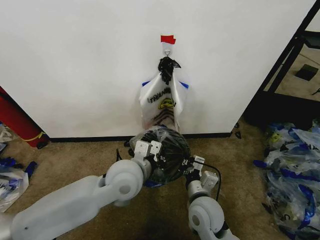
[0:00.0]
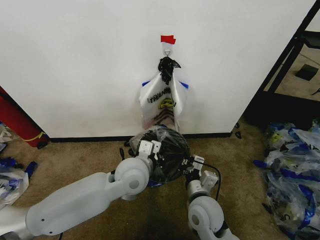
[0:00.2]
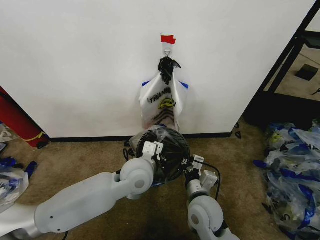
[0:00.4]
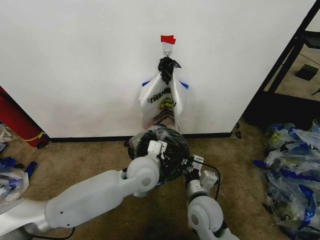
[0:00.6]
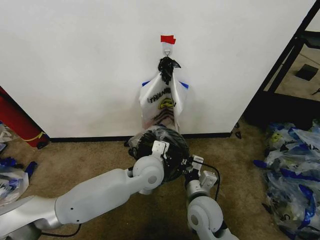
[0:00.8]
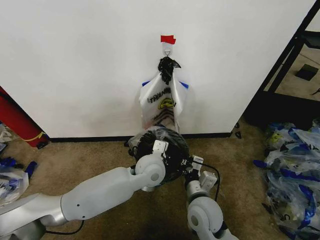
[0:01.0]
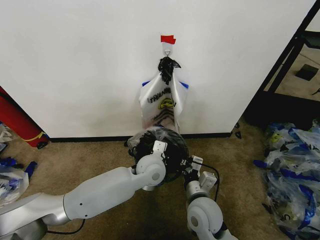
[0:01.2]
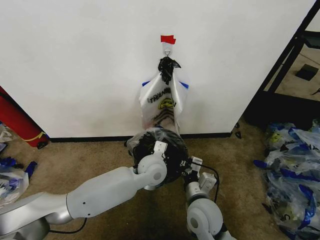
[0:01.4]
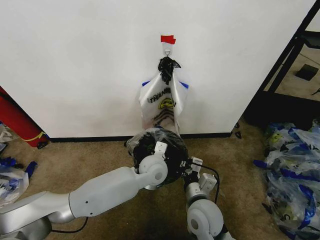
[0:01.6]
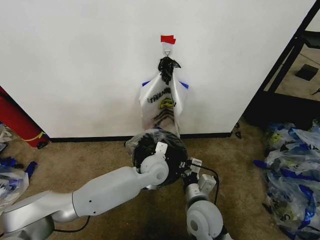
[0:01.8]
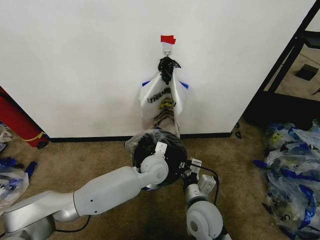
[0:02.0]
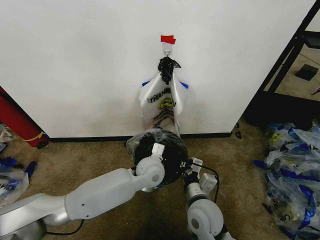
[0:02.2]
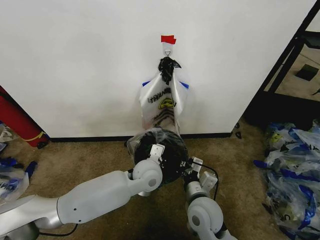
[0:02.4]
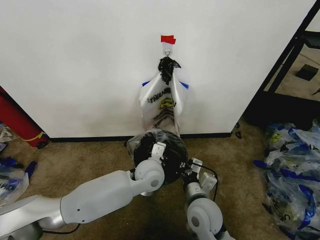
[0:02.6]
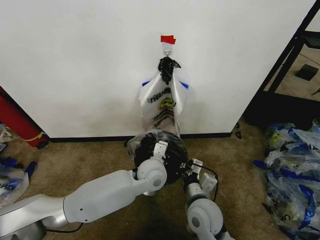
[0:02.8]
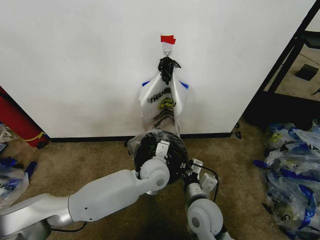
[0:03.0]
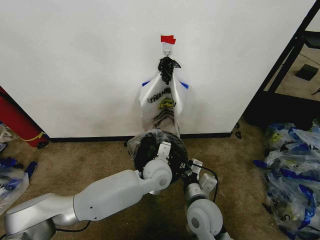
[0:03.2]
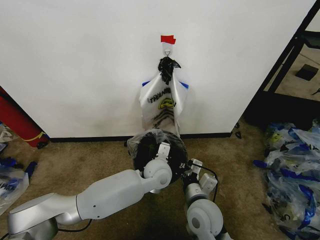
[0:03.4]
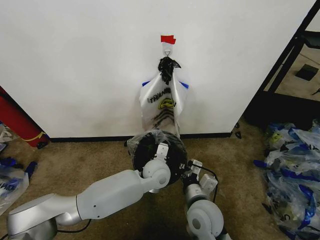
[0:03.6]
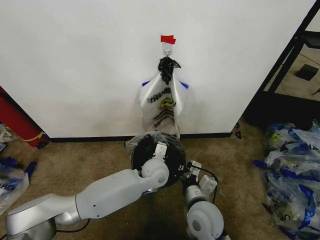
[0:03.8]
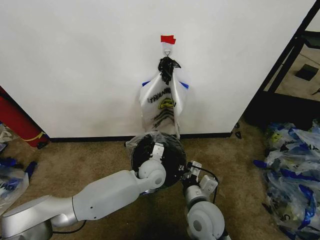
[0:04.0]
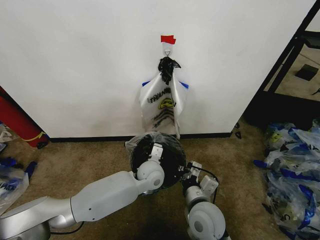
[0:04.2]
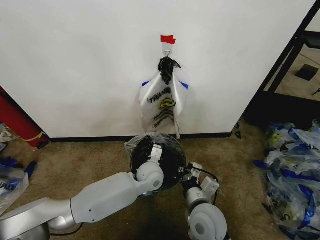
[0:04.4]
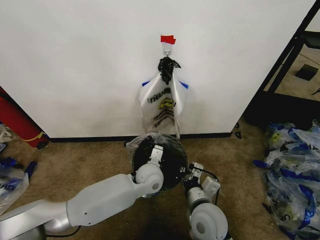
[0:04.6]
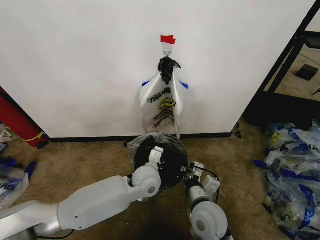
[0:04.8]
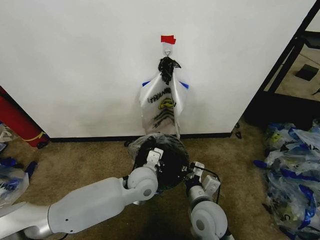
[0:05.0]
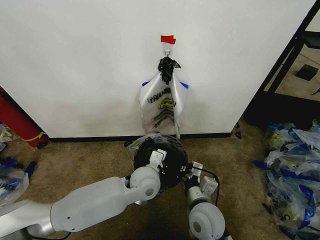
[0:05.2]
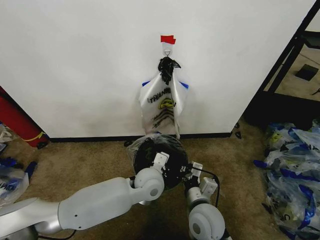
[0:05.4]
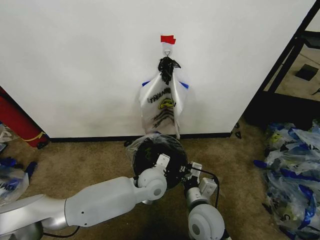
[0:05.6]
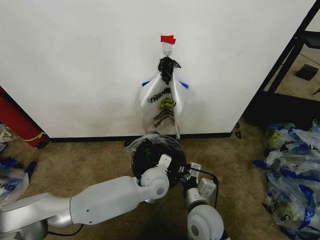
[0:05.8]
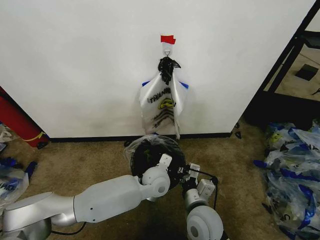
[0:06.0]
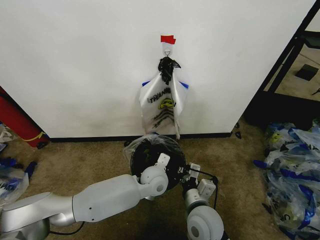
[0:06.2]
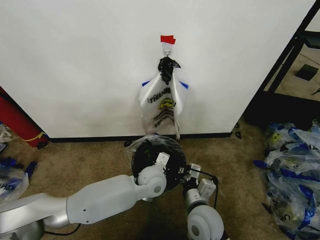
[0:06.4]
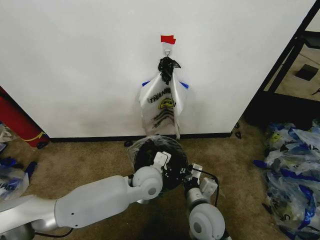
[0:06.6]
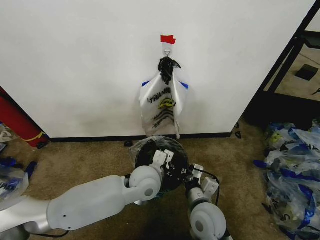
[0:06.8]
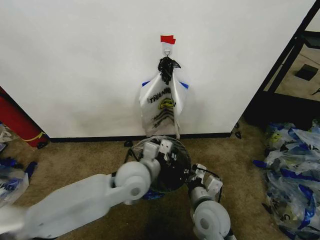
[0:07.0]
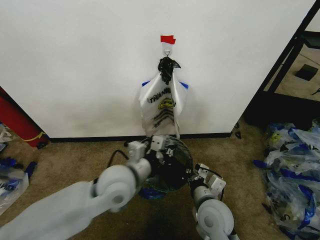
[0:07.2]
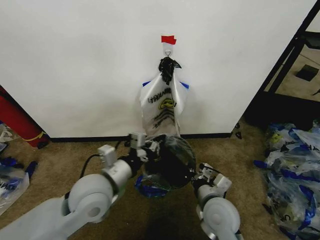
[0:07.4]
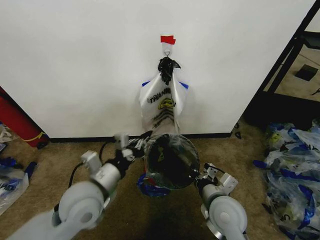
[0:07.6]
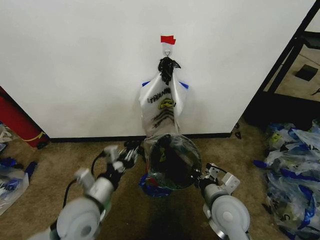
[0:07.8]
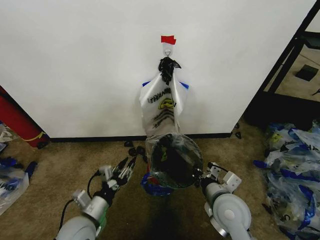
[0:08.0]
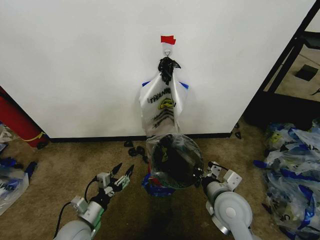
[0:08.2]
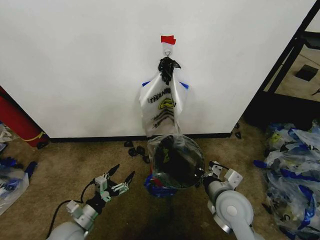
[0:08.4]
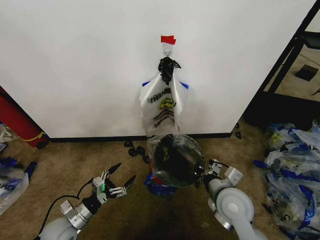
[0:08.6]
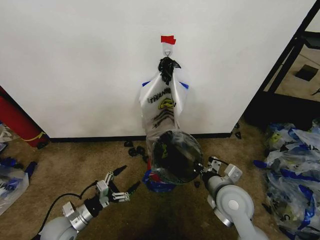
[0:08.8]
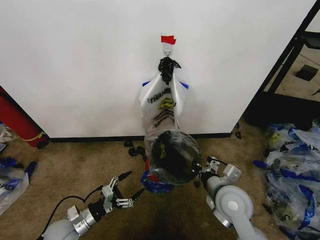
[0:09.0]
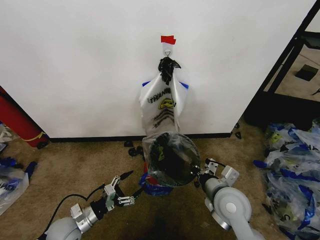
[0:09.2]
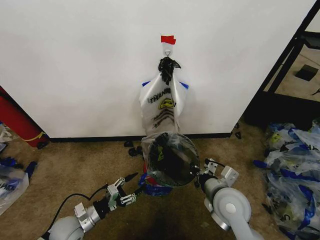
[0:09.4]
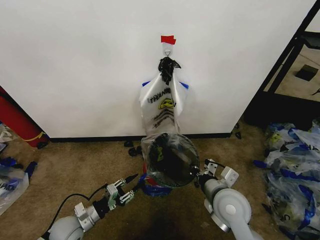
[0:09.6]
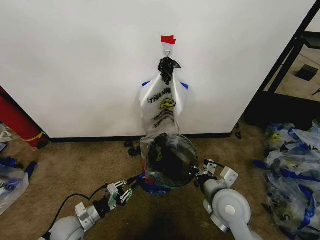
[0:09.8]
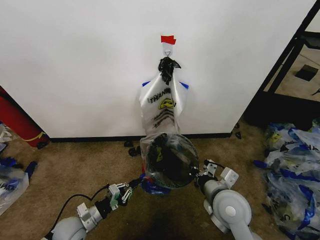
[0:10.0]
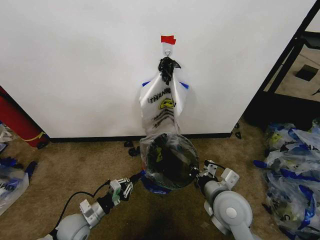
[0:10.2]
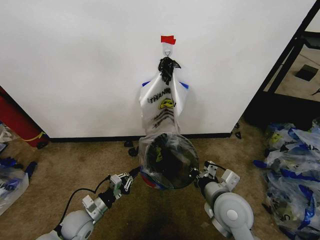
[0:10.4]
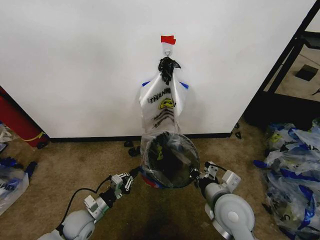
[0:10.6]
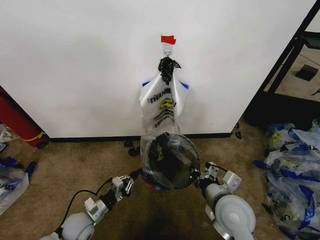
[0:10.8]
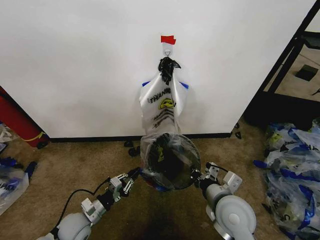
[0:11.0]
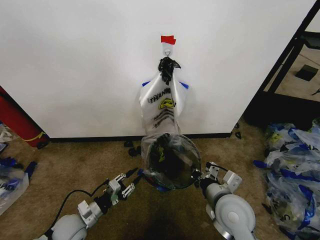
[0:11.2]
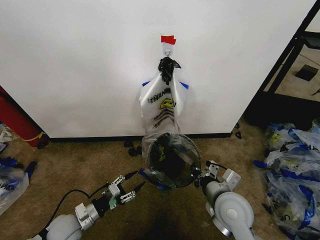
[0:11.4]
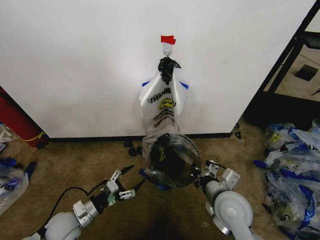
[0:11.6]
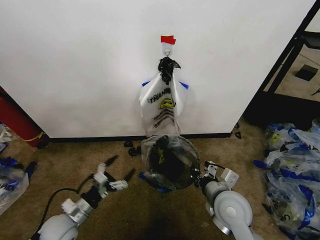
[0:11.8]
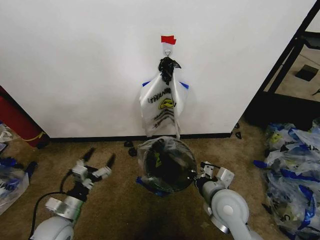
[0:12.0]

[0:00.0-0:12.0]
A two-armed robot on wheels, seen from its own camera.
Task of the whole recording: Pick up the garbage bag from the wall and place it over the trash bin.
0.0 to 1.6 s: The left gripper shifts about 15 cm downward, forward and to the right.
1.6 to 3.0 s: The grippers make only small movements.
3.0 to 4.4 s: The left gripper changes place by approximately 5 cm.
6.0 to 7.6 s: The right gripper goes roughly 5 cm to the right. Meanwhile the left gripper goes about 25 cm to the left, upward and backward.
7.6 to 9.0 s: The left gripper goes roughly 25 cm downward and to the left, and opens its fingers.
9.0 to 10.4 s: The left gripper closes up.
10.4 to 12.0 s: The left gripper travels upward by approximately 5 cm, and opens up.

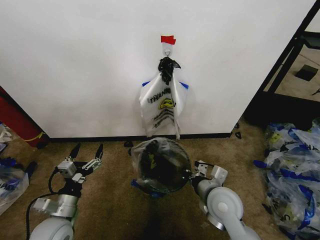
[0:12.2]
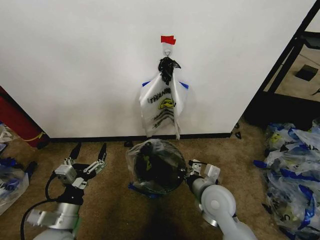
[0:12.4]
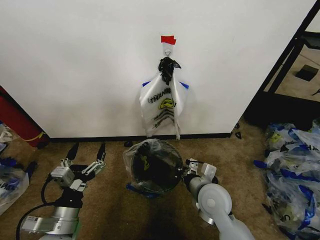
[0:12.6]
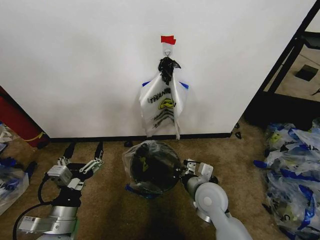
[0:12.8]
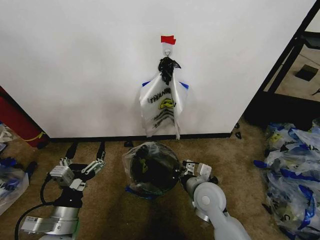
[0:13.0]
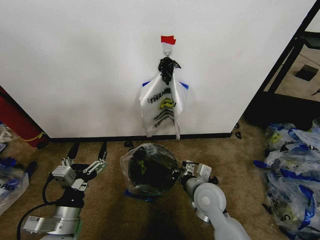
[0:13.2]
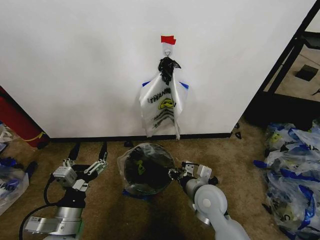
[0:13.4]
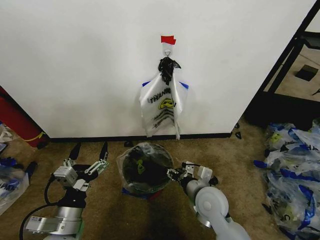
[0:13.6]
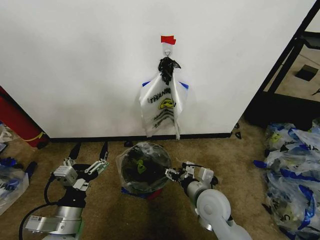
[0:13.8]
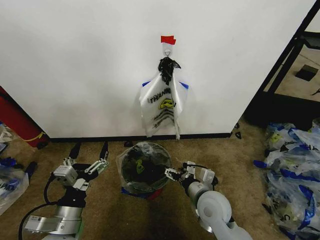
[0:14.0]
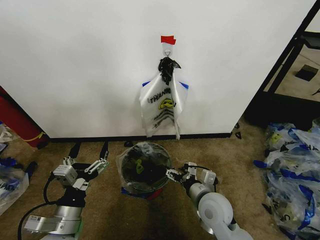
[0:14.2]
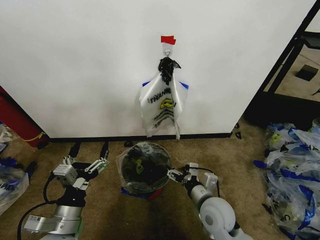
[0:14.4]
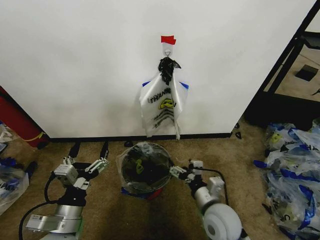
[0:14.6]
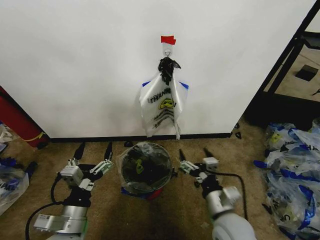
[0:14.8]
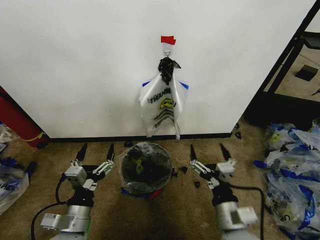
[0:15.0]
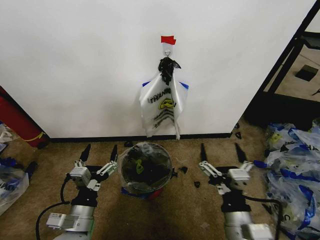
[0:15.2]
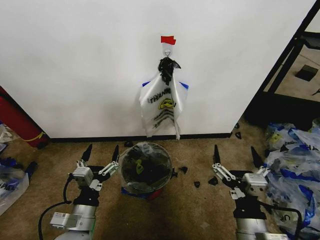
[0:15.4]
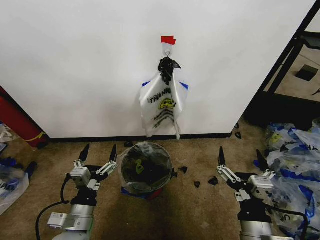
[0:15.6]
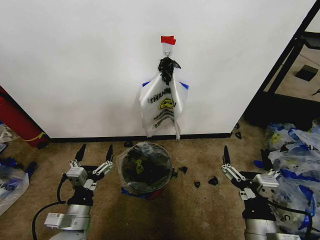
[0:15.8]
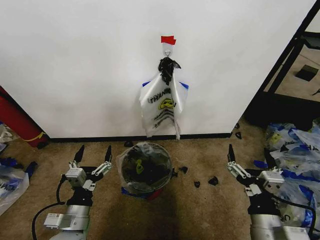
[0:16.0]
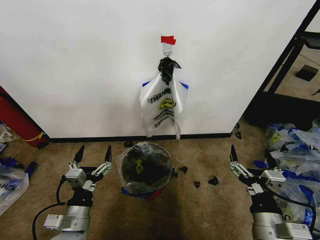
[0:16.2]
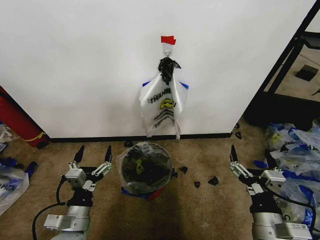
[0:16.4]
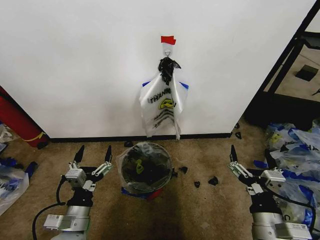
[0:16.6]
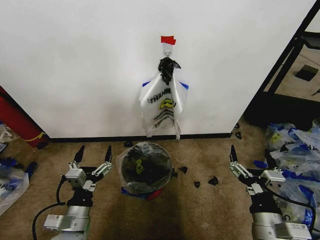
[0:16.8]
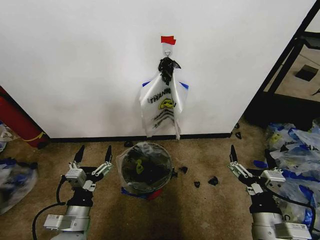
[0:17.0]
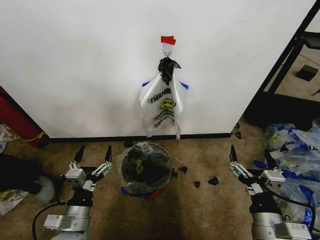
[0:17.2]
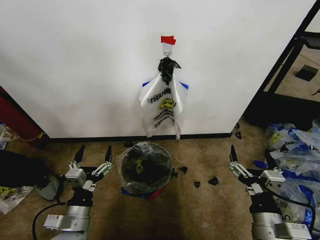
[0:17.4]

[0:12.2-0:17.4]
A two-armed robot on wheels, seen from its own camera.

..............................

_YOUR INSTRUCTIONS:_ Transcribe the material above in full. No picture is to be copied.

_ANSWER:_
[0:00.0]
[0:00.2]
[0:00.4]
[0:00.6]
[0:00.8]
[0:01.0]
[0:01.2]
[0:01.4]
[0:01.6]
[0:01.8]
[0:02.0]
[0:02.2]
[0:02.4]
[0:02.6]
[0:02.8]
[0:03.0]
[0:03.2]
[0:03.4]
[0:03.6]
[0:03.8]
[0:04.0]
[0:04.2]
[0:04.4]
[0:04.6]
[0:04.8]
[0:05.0]
[0:05.2]
[0:05.4]
[0:05.6]
[0:05.8]
[0:06.0]
[0:06.2]
[0:06.4]
[0:06.6]
[0:06.8]
[0:07.0]
[0:07.2]
[0:07.4]
[0:07.6]
[0:07.8]
[0:08.0]
[0:08.2]
[0:08.4]
[0:08.6]
[0:08.8]
[0:09.0]
[0:09.2]
[0:09.4]
[0:09.6]
[0:09.8]
[0:10.0]
[0:10.2]
[0:10.4]
[0:10.6]
[0:10.8]
[0:11.0]
[0:11.2]
[0:11.4]
[0:11.6]
[0:11.8]
[0:12.0]

[0:00.0-0:12.0]
A two-armed robot on wheels, seen from its own camera.
Task of the whole recording: Pick up the garbage bag from the wall and place it over the trash bin.
0.0 to 1.6 s: The left gripper shifts about 15 cm downward, forward and to the right.
1.6 to 3.0 s: The grippers make only small movements.
3.0 to 4.4 s: The left gripper changes place by approximately 5 cm.
6.0 to 7.6 s: The right gripper goes roughly 5 cm to the right. Meanwhile the left gripper goes about 25 cm to the left, upward and backward.
7.6 to 9.0 s: The left gripper goes roughly 25 cm downward and to the left, and opens its fingers.
9.0 to 10.4 s: The left gripper closes up.
10.4 to 12.0 s: The left gripper travels upward by approximately 5 cm, and opens up.

[0:12.2]
[0:12.4]
[0:12.6]
[0:12.8]
[0:13.0]
[0:13.2]
[0:13.4]
[0:13.6]
[0:13.8]
[0:14.0]
[0:14.2]
[0:14.4]
[0:14.6]
[0:14.8]
[0:15.0]
[0:15.2]
[0:15.4]
[0:15.6]
[0:15.8]
[0:16.0]
[0:16.2]
[0:16.4]
[0:16.6]
[0:16.8]
[0:17.0]
[0:17.2]
[0:17.4]

[0:12.2-0:17.4]
A two-armed robot on wheels, seen from its own camera.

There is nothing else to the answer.